What you will do:
Search the records for the string "Answer", then copy each line that has it.

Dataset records
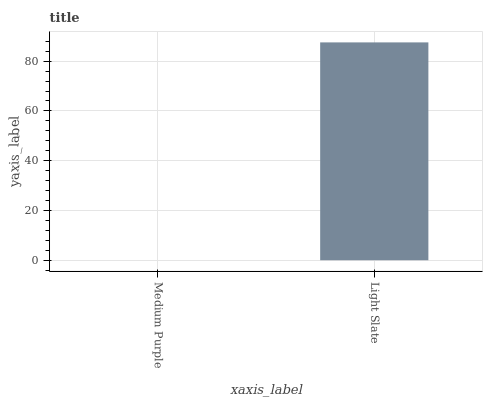Is Medium Purple the minimum?
Answer yes or no. Yes. Is Light Slate the maximum?
Answer yes or no. Yes. Is Light Slate the minimum?
Answer yes or no. No. Is Light Slate greater than Medium Purple?
Answer yes or no. Yes. Is Medium Purple less than Light Slate?
Answer yes or no. Yes. Is Medium Purple greater than Light Slate?
Answer yes or no. No. Is Light Slate less than Medium Purple?
Answer yes or no. No. Is Light Slate the high median?
Answer yes or no. Yes. Is Medium Purple the low median?
Answer yes or no. Yes. Is Medium Purple the high median?
Answer yes or no. No. Is Light Slate the low median?
Answer yes or no. No. 
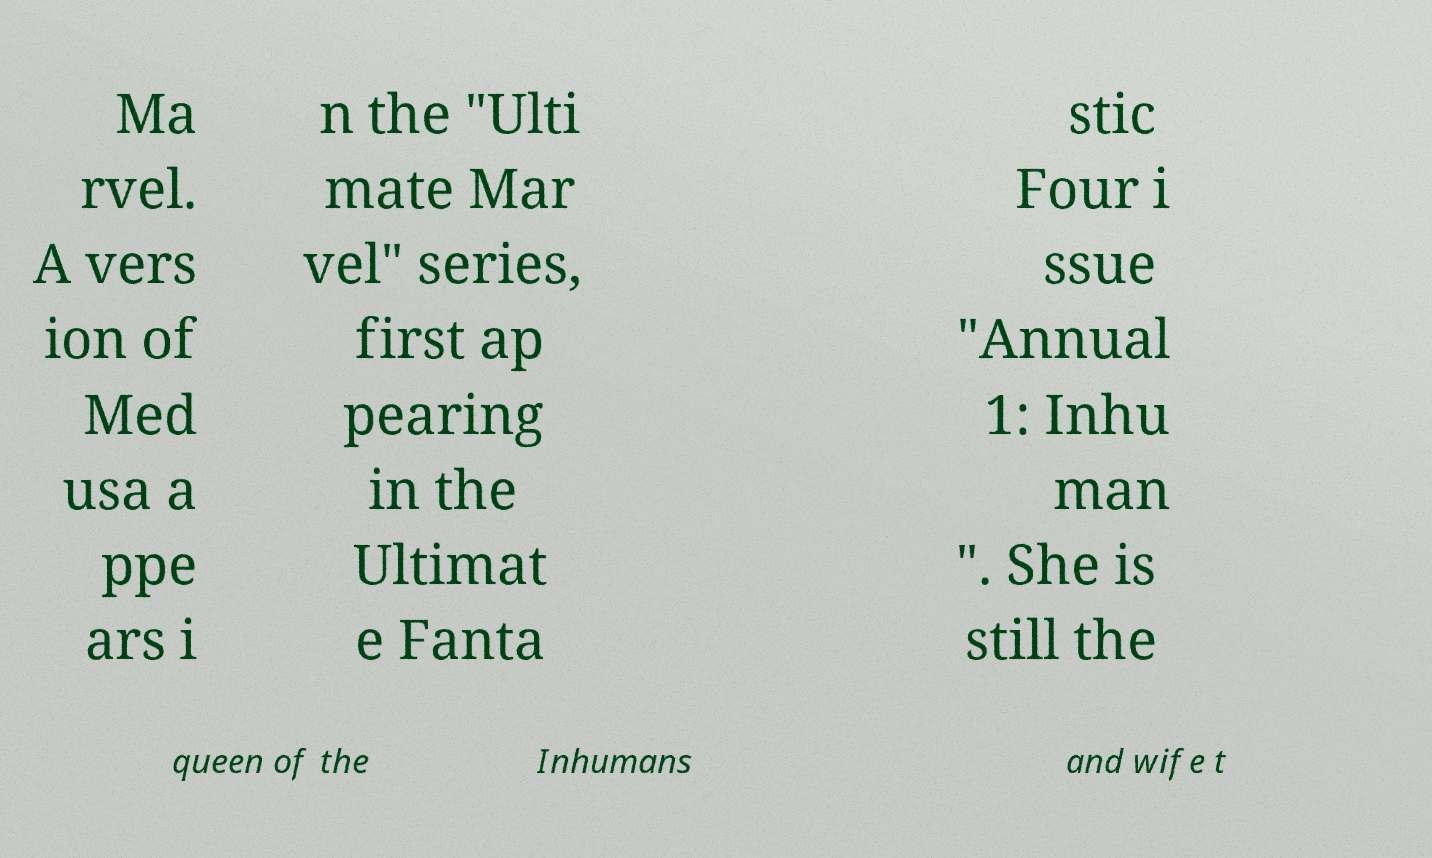What messages or text are displayed in this image? I need them in a readable, typed format. Ma rvel. A vers ion of Med usa a ppe ars i n the "Ulti mate Mar vel" series, first ap pearing in the Ultimat e Fanta stic Four i ssue "Annual 1: Inhu man ". She is still the queen of the Inhumans and wife t

Response area:
Answer yes or no. Yes. Is Light Slate the maximum?
Answer yes or no. Yes. Is Light Slate the minimum?
Answer yes or no. No. Is Light Slate greater than Medium Purple?
Answer yes or no. Yes. Is Medium Purple less than Light Slate?
Answer yes or no. Yes. Is Medium Purple greater than Light Slate?
Answer yes or no. No. Is Light Slate less than Medium Purple?
Answer yes or no. No. Is Light Slate the high median?
Answer yes or no. Yes. Is Medium Purple the low median?
Answer yes or no. Yes. Is Medium Purple the high median?
Answer yes or no. No. Is Light Slate the low median?
Answer yes or no. No. 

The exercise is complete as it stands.